Umfassende Übersicht: Natürliche Kalziumquellen in der Ernährung und ihre physiologische Bedeutung
Die wichtigsten Kalziumlieferanten in der täglichen Ernährung sind vor allem **Milchprodukte und deren Derivate**, darunter:
• **Hart- und Schnittkäse** – mit einem beeindruckenden Gehalt von **bis zu 800 Milligramm Kalzium pro 100 Gramm**,
• **Kuhmilch sowie fermentierte Milchgetränke** (wie Kefir, Naturjoghurt, Buttermilch oder Dickmilch) – die im Durchschnitt **etwa 100 mg/100 g** liefern,
• **Frischkäse und Magerquark** – mit einem vergleichbaren Kalziumgehalt von **rund 100 mg pro 100 Gramm**,
• **Fischsorten mit essbaren Gräten**, insbesondere **Sardinen und Heringe** – mit Werten zwischen **85 und 110 mg/100 g**,
• **Blattgemüse**, allen voran **Grünkohl** – mit einem bemerkenswerten Gehalt von **250 mg/100 g**,
• **Hülsenfrüchte**, wie **getrocknete Bohnen** – die etwa **150 mg/100 g** enthalten.
Darüber hinaus ist dieses essentielle Mineral auch in **hochmineralisiertem natürlichem Mineralwasser**, **Vollkorngetreideprodukten** sowie **bestimmten Wurzelgemüsen** vorhanden.
**Praktische Hinweise von Bedeutung:**
- **Genauere Angaben zum Kalziumgehalt** einzelner Lebensmittel finden sich stets auf dem **Produktetikett**, da die Werte je nach Hersteller, Verarbeitungsmethode oder sogar Charge **deutlich variieren** können.
- Ein **regelmäßiges Studium der Nährwerttabellen** ermöglicht eine bewusste Ernährungszusammenstellung – besonders für Personengruppen mit **erhöhtem Bedarf** (z.

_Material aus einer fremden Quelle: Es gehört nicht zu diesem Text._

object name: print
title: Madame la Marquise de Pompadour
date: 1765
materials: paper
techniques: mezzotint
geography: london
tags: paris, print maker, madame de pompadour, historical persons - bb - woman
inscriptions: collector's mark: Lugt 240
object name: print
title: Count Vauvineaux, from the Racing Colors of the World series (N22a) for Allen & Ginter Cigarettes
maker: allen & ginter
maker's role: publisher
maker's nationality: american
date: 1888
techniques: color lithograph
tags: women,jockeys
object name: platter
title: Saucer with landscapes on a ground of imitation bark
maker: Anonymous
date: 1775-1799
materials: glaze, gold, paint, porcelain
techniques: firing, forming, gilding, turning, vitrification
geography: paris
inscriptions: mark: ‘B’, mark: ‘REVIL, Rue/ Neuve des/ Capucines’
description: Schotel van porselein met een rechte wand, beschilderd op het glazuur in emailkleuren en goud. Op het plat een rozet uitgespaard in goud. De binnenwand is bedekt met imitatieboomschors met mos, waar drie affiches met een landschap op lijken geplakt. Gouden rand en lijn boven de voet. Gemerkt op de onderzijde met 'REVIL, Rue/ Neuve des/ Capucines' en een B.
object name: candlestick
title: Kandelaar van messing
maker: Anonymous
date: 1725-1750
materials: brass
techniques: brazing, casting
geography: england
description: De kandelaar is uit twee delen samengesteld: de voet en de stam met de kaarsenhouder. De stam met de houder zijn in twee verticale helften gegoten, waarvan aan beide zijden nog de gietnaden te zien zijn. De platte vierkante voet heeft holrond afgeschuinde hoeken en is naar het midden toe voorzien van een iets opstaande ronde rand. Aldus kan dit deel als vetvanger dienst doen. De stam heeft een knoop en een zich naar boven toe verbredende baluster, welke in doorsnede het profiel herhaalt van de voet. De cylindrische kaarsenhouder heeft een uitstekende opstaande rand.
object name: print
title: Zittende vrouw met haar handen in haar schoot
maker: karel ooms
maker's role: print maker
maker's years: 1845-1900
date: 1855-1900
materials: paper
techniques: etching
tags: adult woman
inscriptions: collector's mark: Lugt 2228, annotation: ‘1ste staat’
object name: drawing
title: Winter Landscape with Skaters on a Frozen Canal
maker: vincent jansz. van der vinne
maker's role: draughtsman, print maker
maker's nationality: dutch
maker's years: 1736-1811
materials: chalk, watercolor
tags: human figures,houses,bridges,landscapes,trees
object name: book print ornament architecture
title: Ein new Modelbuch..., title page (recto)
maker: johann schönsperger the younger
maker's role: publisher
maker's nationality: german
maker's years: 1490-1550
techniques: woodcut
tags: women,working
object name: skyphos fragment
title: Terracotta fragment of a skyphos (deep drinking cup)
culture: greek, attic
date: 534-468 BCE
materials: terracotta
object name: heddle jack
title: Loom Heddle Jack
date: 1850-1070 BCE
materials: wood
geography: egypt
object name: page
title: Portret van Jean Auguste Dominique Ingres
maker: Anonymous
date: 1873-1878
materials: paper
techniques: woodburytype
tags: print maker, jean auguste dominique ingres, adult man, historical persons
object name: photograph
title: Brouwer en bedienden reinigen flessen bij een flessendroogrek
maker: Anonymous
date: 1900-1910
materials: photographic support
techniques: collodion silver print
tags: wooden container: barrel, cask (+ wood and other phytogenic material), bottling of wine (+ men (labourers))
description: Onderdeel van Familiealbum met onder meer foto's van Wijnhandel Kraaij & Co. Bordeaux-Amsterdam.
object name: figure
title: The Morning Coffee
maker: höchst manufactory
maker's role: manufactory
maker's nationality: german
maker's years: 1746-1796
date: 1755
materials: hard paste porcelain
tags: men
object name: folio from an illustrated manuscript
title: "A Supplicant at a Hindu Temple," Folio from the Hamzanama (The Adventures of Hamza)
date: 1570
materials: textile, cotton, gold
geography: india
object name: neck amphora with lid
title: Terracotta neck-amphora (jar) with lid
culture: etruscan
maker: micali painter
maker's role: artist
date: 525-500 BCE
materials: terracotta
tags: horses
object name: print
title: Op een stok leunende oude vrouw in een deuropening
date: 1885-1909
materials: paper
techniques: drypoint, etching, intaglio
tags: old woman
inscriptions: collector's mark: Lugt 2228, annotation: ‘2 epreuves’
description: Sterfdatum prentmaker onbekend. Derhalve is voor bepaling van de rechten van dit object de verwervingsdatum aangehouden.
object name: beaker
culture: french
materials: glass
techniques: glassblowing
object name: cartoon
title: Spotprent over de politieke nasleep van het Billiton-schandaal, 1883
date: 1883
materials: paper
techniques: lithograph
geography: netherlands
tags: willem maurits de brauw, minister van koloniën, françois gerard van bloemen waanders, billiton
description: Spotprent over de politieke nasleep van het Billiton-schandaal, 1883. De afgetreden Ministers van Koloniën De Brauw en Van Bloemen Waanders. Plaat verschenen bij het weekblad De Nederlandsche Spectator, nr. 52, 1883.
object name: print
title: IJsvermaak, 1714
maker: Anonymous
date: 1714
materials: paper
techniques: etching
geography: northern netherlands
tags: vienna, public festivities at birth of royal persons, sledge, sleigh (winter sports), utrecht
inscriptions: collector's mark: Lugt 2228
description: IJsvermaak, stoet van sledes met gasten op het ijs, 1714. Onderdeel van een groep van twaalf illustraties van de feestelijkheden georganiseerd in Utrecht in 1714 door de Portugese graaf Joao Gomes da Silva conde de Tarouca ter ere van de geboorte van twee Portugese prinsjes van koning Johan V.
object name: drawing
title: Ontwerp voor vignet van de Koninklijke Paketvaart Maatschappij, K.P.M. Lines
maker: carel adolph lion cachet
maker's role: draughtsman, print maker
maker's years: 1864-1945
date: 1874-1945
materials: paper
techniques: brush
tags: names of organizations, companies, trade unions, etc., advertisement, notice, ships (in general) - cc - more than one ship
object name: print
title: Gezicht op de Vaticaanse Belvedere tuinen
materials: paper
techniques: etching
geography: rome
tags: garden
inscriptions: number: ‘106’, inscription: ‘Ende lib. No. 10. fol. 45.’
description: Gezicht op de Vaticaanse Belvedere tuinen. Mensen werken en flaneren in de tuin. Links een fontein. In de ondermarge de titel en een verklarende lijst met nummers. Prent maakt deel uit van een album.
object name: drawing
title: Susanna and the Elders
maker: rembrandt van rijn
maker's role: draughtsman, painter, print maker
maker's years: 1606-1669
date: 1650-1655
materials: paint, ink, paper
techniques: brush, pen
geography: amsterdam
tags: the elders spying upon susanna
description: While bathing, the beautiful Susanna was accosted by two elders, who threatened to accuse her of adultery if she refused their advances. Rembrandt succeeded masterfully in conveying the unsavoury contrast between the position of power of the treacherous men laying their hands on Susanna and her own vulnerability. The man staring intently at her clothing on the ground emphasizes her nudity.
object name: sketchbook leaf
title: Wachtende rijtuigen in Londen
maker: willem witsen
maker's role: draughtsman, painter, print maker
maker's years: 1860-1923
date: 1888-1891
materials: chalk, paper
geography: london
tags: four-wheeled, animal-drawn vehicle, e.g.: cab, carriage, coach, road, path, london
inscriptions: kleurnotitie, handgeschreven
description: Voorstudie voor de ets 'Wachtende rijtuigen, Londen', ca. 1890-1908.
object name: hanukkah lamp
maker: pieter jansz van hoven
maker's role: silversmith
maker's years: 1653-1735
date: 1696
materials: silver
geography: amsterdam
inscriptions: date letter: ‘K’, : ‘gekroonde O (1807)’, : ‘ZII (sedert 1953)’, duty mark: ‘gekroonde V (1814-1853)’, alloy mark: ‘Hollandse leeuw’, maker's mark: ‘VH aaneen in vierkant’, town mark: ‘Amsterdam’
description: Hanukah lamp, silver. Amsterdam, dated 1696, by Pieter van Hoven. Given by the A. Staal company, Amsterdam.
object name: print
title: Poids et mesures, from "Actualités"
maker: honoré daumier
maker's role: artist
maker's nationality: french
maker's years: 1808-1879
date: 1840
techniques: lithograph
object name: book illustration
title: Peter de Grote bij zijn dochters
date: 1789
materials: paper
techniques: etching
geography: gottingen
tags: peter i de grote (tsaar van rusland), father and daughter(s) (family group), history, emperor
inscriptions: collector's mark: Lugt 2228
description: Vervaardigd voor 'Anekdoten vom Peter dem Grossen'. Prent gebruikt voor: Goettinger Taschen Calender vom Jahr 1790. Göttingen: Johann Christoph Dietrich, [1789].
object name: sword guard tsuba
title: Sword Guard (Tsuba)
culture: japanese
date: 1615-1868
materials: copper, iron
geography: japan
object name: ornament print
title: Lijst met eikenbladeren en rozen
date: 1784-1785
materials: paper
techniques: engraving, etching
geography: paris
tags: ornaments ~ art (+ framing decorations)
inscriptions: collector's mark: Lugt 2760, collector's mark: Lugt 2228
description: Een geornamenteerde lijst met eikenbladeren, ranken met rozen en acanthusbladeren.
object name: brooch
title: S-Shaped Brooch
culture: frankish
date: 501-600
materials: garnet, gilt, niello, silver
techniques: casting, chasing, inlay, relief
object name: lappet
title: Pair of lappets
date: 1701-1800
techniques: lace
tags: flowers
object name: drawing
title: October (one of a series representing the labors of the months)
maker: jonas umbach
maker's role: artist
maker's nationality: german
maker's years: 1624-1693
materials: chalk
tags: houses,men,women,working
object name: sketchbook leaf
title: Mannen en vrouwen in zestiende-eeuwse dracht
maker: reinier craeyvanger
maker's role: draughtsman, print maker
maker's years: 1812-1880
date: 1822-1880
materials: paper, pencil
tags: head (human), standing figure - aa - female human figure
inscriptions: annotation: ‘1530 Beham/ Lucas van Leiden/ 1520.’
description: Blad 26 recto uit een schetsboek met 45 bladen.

B. wachsende Kinder, Schwangere oder ältere Menschen).
Kalzium erfüllt im menschlichen Körper **zentrale Funktionen**: Es ist nicht nur **unverzichtbar für den Aufbau und die Stabilität von Knochen und Zähnen**, sondern spielt auch eine Schlüsselrolle bei der **Muskelkontraktion**, der **Nervenleitfähigkeit** und der **Aufrechterhaltung eines regelmäßigen Herzrhythmus**. Die Regulation seines Haushalts erfolgt durch ein **hormonelles Zusammenspiel** von **Parathormon (PTH)**, **aktivem Vitamin D (Kalcitriol)** und **Kalcitonin**, die gemeinsam die **Kalzium-Phosphat-Homöostase** sicherstellen.